START RECORDS

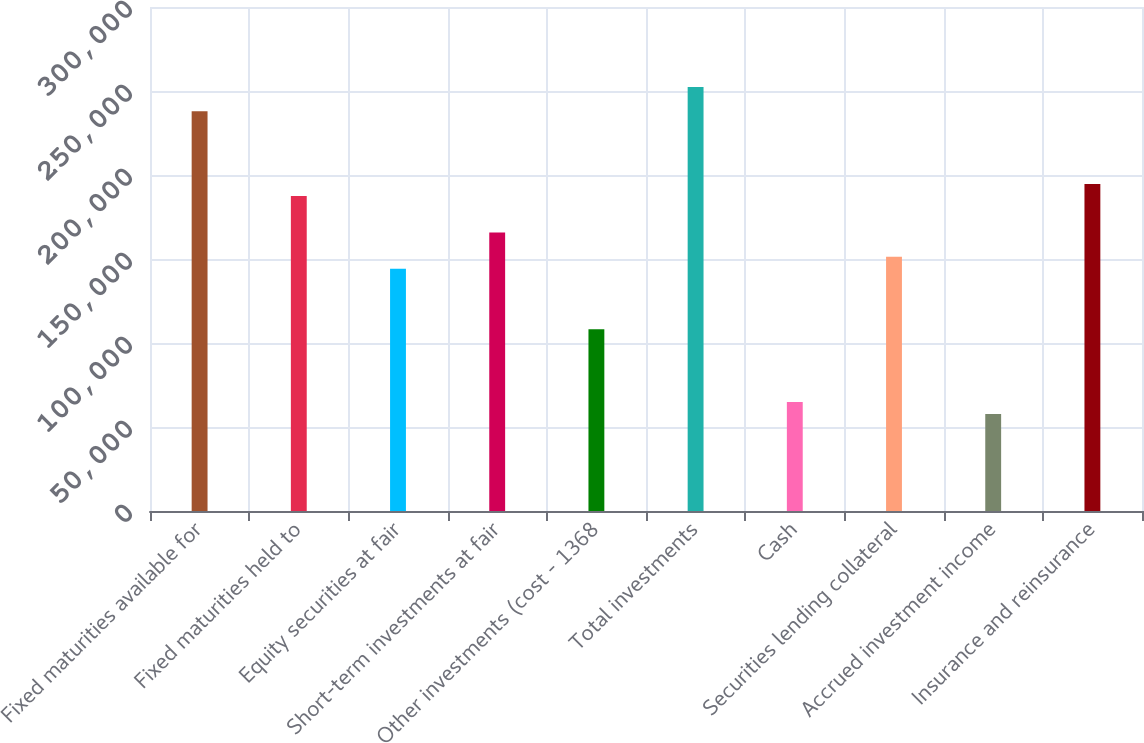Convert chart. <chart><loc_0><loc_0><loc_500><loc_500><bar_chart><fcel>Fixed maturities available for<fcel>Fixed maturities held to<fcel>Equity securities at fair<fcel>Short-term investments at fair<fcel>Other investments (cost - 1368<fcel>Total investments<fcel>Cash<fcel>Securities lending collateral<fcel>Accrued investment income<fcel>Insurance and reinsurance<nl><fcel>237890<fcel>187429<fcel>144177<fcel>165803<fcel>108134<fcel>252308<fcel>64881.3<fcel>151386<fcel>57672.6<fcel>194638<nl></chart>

END RECORDS
START RECORDS

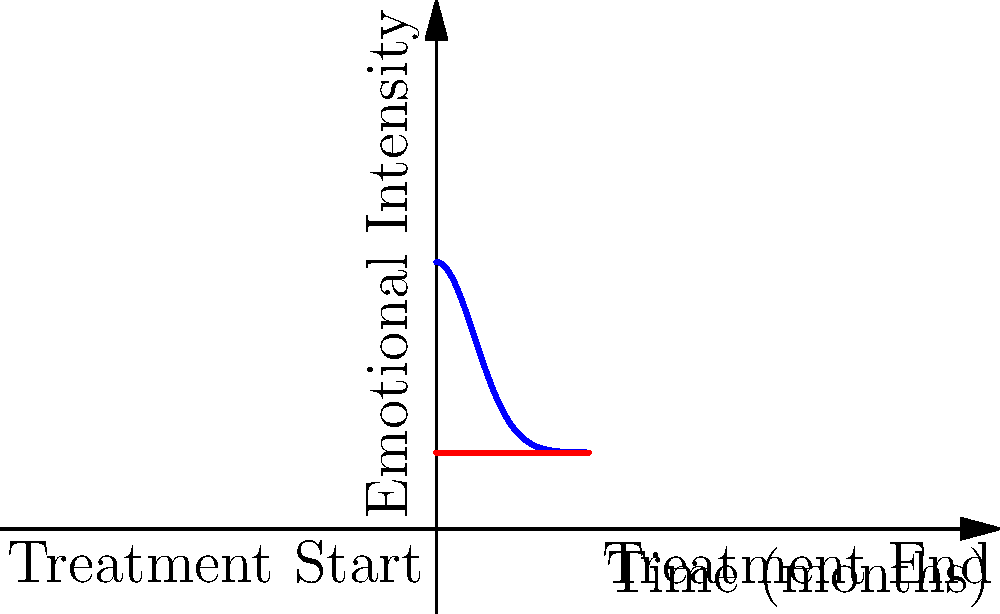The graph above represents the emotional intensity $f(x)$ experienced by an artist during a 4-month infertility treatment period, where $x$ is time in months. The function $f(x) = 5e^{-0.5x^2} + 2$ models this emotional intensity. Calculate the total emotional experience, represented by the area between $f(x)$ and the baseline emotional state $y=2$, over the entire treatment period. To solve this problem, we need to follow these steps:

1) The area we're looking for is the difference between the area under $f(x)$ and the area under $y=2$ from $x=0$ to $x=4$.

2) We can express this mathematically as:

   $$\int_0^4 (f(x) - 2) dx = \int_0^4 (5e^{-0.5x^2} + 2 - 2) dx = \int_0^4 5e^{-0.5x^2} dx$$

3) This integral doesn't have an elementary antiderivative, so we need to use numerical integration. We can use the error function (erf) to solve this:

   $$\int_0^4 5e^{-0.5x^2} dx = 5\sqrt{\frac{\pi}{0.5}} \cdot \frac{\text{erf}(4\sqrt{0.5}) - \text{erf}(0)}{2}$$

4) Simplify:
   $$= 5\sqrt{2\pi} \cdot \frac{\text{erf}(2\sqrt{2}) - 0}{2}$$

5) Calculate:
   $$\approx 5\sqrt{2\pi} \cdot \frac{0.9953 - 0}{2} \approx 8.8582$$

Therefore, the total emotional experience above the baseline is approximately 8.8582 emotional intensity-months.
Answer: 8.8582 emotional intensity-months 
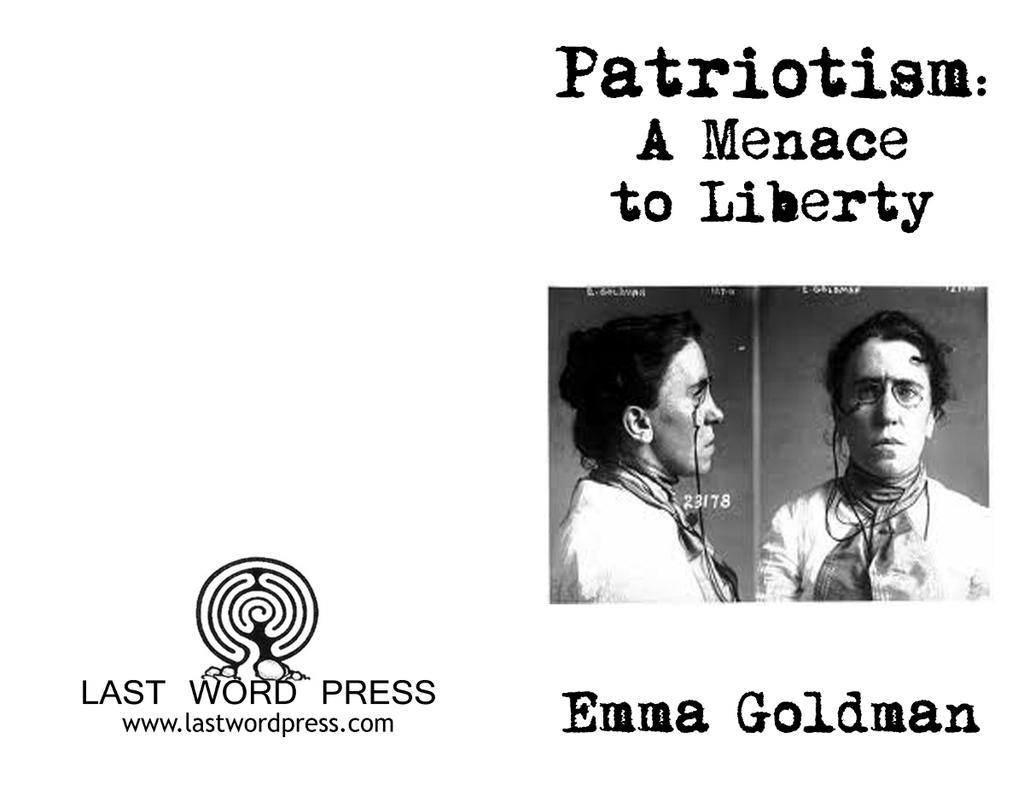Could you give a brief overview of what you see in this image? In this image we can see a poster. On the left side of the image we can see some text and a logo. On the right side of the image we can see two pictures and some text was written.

END RECORDS
START RECORDS

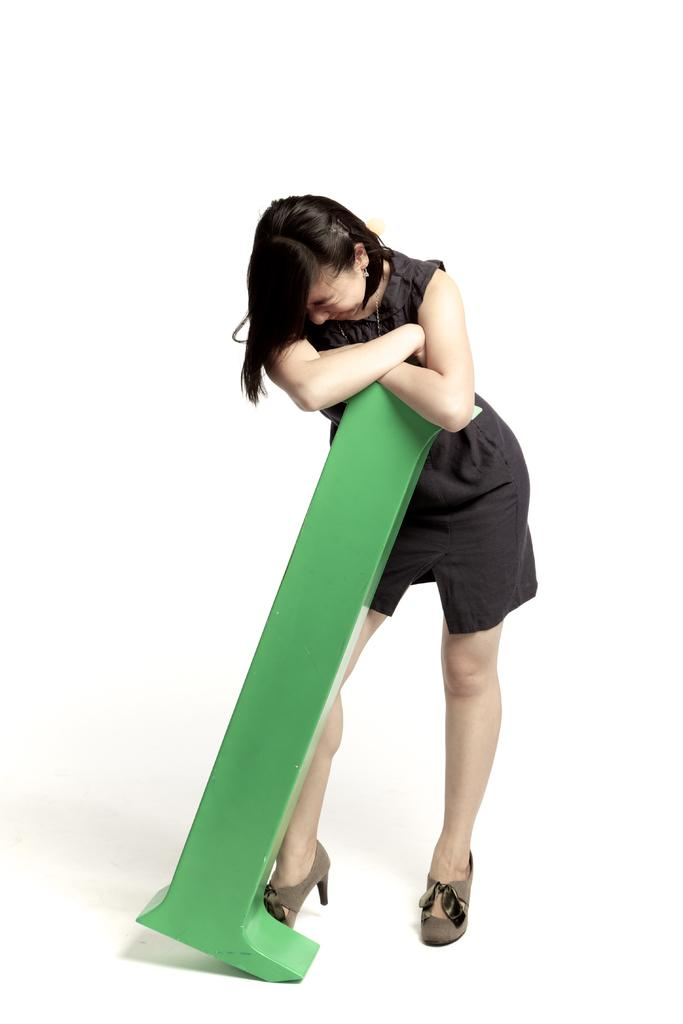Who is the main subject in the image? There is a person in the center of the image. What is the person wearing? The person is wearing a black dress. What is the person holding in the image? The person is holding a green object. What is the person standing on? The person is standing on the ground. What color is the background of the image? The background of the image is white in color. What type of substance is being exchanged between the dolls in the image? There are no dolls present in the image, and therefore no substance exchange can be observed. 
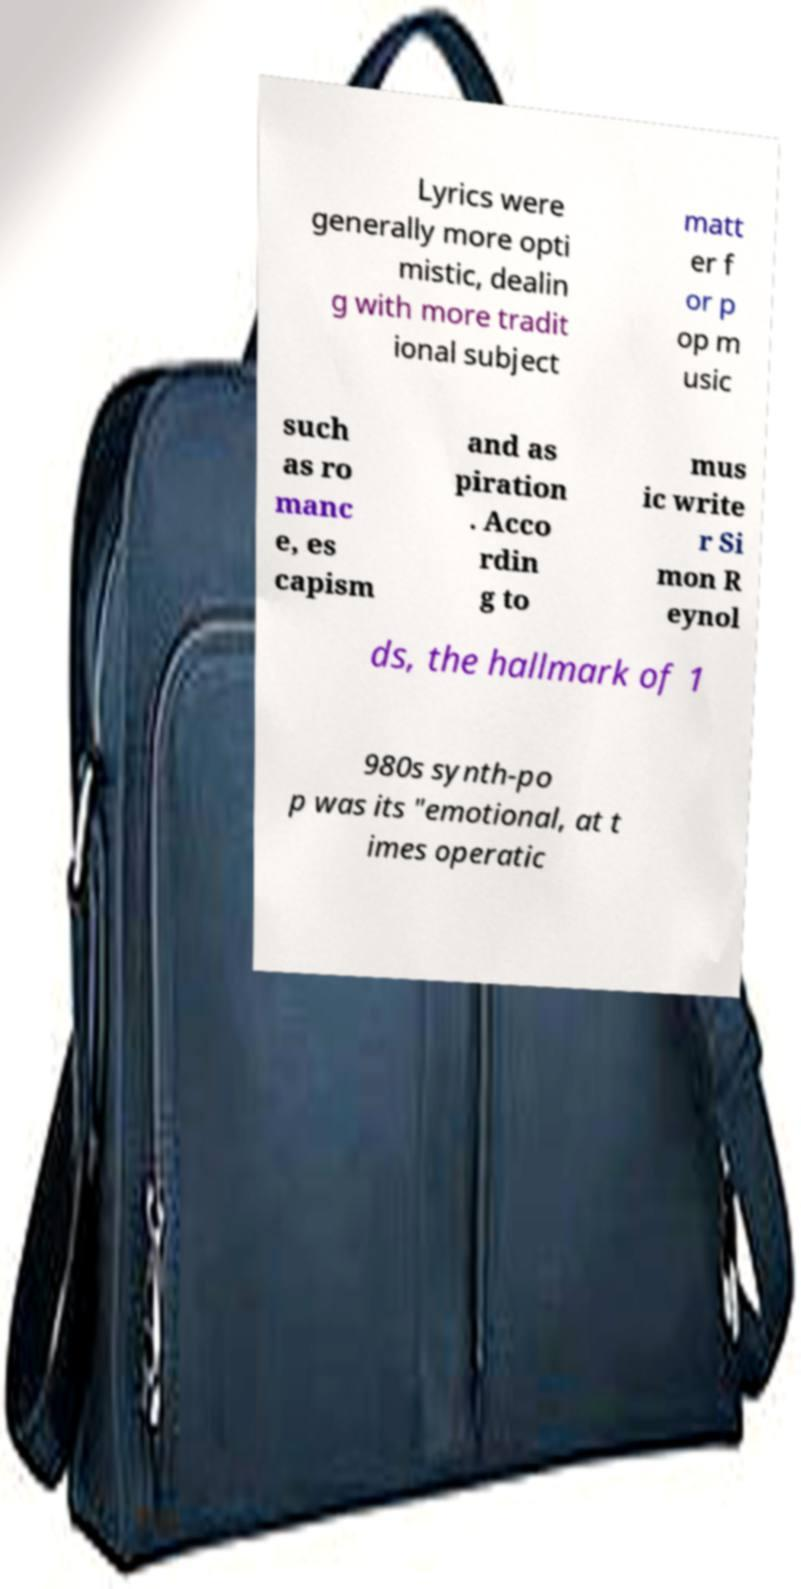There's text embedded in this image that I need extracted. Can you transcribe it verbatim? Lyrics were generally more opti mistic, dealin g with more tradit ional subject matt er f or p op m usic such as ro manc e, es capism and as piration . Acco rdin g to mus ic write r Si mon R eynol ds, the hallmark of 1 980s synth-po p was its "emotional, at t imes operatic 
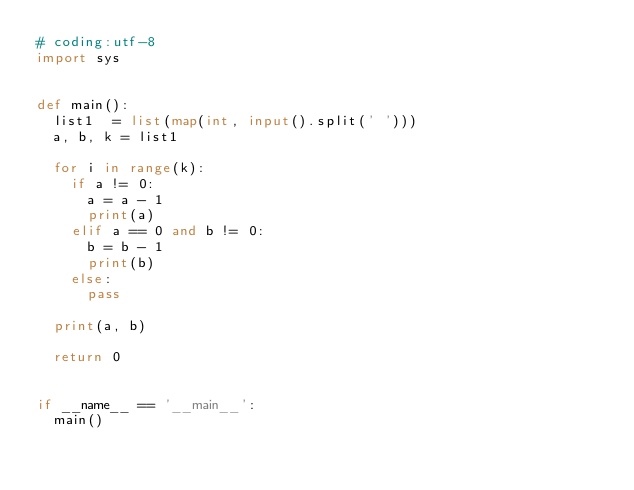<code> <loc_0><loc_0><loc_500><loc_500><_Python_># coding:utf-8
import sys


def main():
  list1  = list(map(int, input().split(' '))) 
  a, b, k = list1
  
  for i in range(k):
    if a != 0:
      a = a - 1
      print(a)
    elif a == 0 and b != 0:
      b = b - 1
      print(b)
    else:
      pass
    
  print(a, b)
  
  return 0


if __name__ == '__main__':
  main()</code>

END RECORDS

Filter the entries above down to the lines that hold the word "frac", and copy those lines.

   $$\int_0^4 5e^{-0.5x^2} dx = 5\sqrt{\frac{\pi}{0.5}} \cdot \frac{\text{erf}(4\sqrt{0.5}) - \text{erf}(0)}{2}$$
   $$= 5\sqrt{2\pi} \cdot \frac{\text{erf}(2\sqrt{2}) - 0}{2}$$
   $$\approx 5\sqrt{2\pi} \cdot \frac{0.9953 - 0}{2} \approx 8.8582$$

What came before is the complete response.